The artist might sit with his glasses perched on his nose, bent with busy brush in hand over a quick watercolor of a bouquet just picked, done as payment to his doctor or as a birthday gift to a friend. There were Greek café tables holding brushes and paints, the brass bed frame leaning against the wall, a plaster and gilt mirror reflecting it all—each waiting to be assembled yet again for one of his paintings. Now only the work remains. These and the spirit behind them can be encountered now in the museum.
The Sailor in the Sun (1966; lost and repainted 1968–1970) is in the summer white uniform.

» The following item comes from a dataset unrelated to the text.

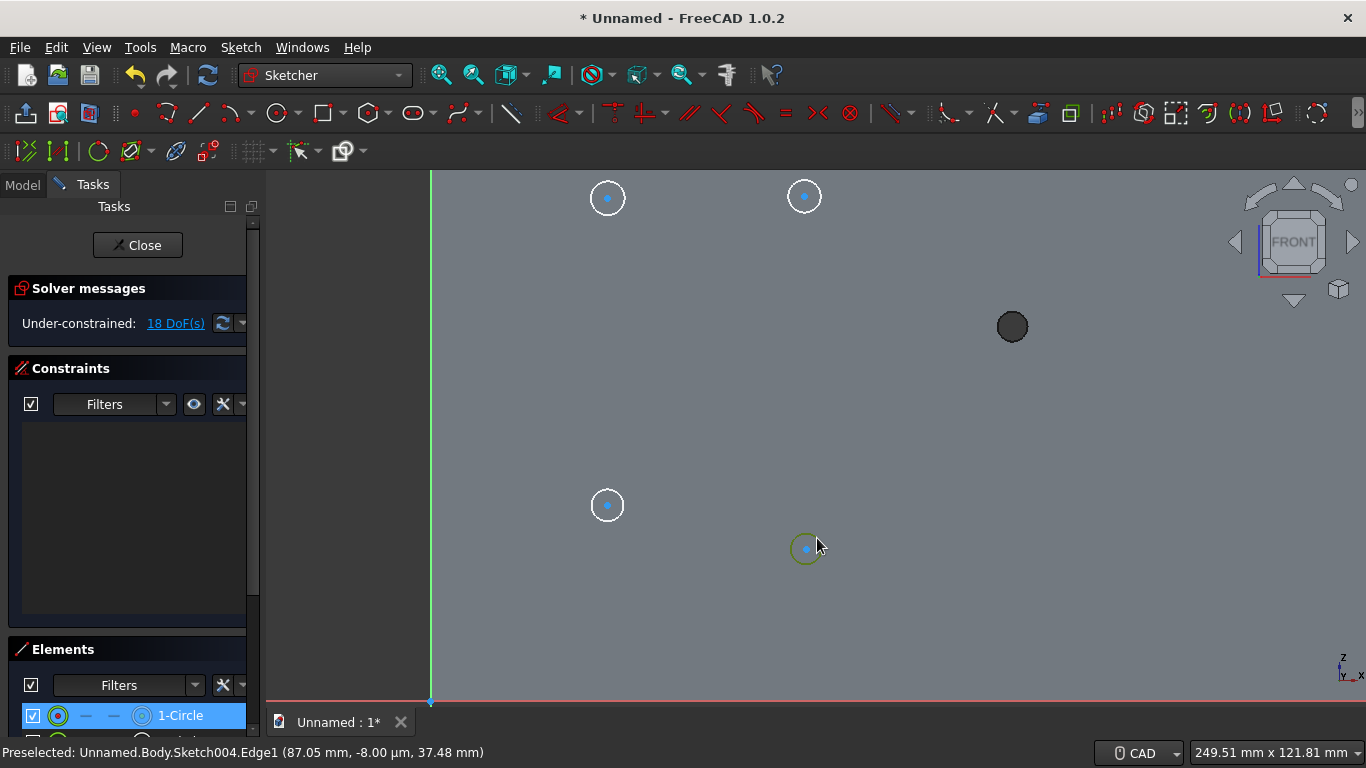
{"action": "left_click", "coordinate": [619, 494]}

He stands alone, life-size, ready to emerge from a dark background of earth tones, as if from the darkness of Plato’s cave or one of the caves of Byzantine icons. The brush strokes of the sailor’s uniform could be Hellenistic, even Byzantine, in their technique and purpose, assuming the effect of the robes of saints. Tsarouchis’s clothed figures often appear more naked than his unclothed ones, as the white uniform clings to the sailor to reveal his slim body and large cock. The sailor’s face is strong like all of Tsarouchis’s faces. The gaze is also naked and inspires contemplation, if not actual worship. “I am always so religious,” he said to me. “I could not live without religion, any more than live without the lilac.”

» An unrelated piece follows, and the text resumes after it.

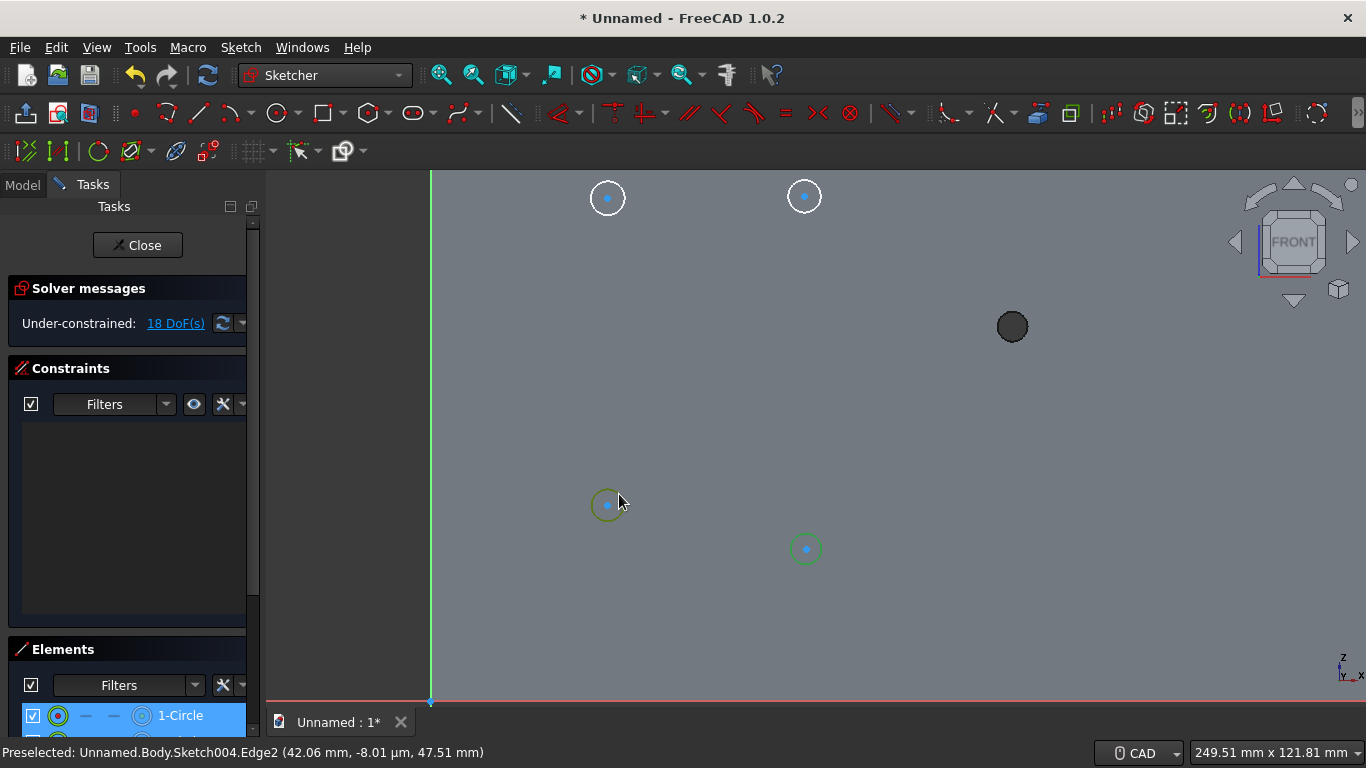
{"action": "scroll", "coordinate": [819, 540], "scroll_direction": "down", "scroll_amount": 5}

The work of Tsarouchis gives individual faces to the collective Greek myth and restores individual bodies to the timeless space of an Attic statue, a Fayum portrait, an icon sitting in dim candlelight in an island peasant chapel. One function of icons is that, with meditation, the image can lead the viewer to a spiritual world beyond the mere object. The images of Tsarouchis are icons, the faces of Greece, and they lead finally to the deep spirit of Greece and its long history of Eros and love that Tsarouchis embodied and depicted so well.
Dan Luckenbill, who works at the UCLA Library, is a writer and archivist based in Los Angeles.